Mostly, though, I'm tired of the attitude of the people who make it. I'm well enough known, to my great chagrin, that people rarely give me attitude to my face, but I have eyes and ears. I watch as people are lectured and mocked for not understanding the coffee shop's manifesto. Last week, I watched a man in front of me in line receive a condescending jeremiad, air quotes and all, about the difference between their macchiato and Starbucks' “macchiato”. I stopped going to one shop in Los Angeles because literally every employee I ever encountered had such a poisonous attitude that I found myself turning off my hearing aids while waiting in line so I didn't approach the bar with clenched fists.

Lose the attitude. Lose the condescension. Lose the superiority. Third-wave was supposed to be about education; it was supposed to about opening your eyes to the idea that coffee, like wine, has terroir that's destroyed when you load up your cup with sugar and milk. Some people still convey this–if you've ever heard Jeff Duggan or Truman Severson at Portola or Alberto Song Trujillo at Caffe Sospeso talk about coffee, you come away educated but not shamed. A tasting at their coffee bars–particularly Portola's Theorem tasting bar–will leave you trembling from caffeine and not insignificantly poorer, but you will have gone on a journey of exploration that rivals the first time you sit on a stool across from a craft bartender. Unfortunately, that same judgment-free passion does not translate to everyone.

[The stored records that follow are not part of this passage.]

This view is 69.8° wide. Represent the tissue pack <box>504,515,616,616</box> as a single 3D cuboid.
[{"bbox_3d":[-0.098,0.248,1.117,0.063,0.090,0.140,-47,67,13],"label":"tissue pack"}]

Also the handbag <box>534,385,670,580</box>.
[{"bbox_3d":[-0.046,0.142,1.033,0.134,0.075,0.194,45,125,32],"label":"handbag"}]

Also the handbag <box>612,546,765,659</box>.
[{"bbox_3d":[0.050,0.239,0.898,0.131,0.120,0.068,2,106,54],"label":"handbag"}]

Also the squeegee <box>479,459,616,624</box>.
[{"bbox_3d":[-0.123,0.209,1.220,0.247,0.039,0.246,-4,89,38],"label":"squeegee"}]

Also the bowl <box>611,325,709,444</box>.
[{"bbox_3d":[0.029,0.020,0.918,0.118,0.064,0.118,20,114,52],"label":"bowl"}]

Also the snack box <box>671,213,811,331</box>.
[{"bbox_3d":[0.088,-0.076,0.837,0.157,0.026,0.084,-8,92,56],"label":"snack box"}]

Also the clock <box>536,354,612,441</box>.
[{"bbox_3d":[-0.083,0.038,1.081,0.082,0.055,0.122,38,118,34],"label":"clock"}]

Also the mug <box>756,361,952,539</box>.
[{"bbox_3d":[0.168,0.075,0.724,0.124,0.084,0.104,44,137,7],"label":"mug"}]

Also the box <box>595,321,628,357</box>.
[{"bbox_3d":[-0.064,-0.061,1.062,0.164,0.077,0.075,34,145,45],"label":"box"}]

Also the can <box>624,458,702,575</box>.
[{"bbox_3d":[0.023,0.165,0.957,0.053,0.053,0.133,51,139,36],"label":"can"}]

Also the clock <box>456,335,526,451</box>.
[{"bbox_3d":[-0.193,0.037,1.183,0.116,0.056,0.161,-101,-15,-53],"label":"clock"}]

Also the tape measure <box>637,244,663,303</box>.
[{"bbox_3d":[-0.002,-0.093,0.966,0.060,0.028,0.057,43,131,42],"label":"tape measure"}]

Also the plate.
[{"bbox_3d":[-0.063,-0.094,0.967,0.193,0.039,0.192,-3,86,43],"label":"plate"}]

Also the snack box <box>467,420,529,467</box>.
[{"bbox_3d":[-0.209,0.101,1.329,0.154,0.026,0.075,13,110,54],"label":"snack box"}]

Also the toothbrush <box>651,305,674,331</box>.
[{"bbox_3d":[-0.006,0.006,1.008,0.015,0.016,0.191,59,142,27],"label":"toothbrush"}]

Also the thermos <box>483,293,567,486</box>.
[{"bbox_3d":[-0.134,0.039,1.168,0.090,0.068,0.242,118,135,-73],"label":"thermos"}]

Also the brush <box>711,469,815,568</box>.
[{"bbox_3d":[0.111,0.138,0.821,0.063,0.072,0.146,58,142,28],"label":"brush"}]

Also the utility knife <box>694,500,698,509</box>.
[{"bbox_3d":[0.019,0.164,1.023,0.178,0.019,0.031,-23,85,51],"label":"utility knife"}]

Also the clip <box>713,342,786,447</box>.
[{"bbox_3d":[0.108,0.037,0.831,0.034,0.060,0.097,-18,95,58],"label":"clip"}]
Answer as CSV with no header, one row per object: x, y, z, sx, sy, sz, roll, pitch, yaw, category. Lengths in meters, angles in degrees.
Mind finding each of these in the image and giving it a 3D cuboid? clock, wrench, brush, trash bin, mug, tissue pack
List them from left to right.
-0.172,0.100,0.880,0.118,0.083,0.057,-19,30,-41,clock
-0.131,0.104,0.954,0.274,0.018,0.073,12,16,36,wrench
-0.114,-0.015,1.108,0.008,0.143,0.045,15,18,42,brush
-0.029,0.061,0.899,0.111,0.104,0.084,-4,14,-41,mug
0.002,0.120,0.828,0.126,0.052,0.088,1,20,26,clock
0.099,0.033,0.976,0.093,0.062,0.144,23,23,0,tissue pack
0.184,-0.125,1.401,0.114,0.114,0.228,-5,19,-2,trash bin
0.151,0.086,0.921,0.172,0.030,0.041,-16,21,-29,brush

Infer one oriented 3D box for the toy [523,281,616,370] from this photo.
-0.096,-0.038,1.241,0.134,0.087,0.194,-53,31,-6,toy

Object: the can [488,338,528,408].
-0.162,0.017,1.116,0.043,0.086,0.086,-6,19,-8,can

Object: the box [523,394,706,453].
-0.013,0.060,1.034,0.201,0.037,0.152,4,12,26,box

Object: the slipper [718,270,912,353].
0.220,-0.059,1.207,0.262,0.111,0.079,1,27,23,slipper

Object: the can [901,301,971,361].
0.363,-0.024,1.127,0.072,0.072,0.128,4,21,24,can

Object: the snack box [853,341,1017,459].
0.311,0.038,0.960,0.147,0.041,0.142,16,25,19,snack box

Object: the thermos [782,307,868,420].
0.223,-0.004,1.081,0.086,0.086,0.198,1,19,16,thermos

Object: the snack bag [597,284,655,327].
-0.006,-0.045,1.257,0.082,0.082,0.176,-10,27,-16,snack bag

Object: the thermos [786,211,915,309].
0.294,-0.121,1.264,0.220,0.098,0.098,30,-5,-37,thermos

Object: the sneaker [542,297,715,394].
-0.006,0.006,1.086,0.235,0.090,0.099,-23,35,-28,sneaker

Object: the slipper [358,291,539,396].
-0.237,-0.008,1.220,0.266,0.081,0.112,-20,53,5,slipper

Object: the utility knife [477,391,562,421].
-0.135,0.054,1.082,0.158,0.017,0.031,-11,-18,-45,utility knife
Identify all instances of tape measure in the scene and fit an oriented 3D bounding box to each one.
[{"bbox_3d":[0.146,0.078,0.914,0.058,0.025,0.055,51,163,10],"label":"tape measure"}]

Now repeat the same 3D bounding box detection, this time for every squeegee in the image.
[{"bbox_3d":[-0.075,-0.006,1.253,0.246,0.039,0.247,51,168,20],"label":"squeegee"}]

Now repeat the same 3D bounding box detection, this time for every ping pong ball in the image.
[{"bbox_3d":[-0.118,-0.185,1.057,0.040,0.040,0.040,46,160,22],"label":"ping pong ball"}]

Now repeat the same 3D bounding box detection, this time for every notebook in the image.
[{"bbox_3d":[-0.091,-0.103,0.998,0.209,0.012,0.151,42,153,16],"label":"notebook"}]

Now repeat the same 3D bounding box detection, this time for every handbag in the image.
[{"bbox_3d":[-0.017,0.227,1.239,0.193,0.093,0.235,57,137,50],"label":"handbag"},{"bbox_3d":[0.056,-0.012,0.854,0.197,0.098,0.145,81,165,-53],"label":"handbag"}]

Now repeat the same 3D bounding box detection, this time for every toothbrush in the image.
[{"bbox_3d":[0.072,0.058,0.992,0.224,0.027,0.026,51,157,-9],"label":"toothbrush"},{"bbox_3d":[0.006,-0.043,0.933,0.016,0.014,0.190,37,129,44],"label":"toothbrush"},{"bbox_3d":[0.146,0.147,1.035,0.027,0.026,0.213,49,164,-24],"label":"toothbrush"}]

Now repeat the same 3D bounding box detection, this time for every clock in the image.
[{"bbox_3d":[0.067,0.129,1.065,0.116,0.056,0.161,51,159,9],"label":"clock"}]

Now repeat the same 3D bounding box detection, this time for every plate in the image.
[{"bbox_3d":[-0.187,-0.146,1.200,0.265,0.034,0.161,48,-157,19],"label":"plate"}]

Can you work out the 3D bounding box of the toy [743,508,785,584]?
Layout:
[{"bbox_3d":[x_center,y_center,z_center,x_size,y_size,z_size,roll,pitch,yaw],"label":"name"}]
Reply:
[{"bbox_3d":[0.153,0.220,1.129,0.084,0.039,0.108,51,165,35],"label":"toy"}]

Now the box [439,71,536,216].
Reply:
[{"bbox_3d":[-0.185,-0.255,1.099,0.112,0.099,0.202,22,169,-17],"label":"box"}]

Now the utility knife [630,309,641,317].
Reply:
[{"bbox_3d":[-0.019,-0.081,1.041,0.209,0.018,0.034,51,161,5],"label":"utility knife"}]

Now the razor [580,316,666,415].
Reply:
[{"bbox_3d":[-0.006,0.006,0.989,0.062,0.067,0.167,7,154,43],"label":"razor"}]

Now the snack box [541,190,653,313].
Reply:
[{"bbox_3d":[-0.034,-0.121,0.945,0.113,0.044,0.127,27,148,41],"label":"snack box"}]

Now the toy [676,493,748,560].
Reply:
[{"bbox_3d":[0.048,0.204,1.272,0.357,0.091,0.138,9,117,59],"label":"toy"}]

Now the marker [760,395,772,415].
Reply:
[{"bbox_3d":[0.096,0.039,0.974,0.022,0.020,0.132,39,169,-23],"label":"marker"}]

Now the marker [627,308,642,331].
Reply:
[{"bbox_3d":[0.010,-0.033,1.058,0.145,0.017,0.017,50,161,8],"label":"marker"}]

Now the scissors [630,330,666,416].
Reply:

When classic cocktails were dusted off during the bar renaissance and bartenders started to return to more chef-like, rather than more cook-like, roles in bars, there was a sudden rise in the number of stuck-up dandies in armbands and pomaded mustaches giving people lip for ordering would-be martinis made of vodka and salty olive brine. There were a lot of bad cocktails invented because there were all these newly available raw ingredients and revived techniques to play with, and not enough editing. It nearly sank the local craft cocktail movement, because the one thing the Southern Californian public will not put up with is being told they're not good enough, and there aren't enough “good enough” people to keep bars afloat by themselves.

So they adapted. Though they may be rolling their eyes inwardly, the vast majority of craft bartenders around here will try to take customers one step toward what they do best, rather than humiliating them in public for their choices. The number of poorly researched creations on cocktail menus has declined, and when it comes right down to it, most craft cocktail bars will still make a vodka martini if that's what you insist upon and if they have the olive brine.

That's what needs to happen in the craft coffee movement. Meanwhile, though, if you need me, I'll be at Kean Coffee in Tustin, sipping on a completely attitude-free Italian cappuccino.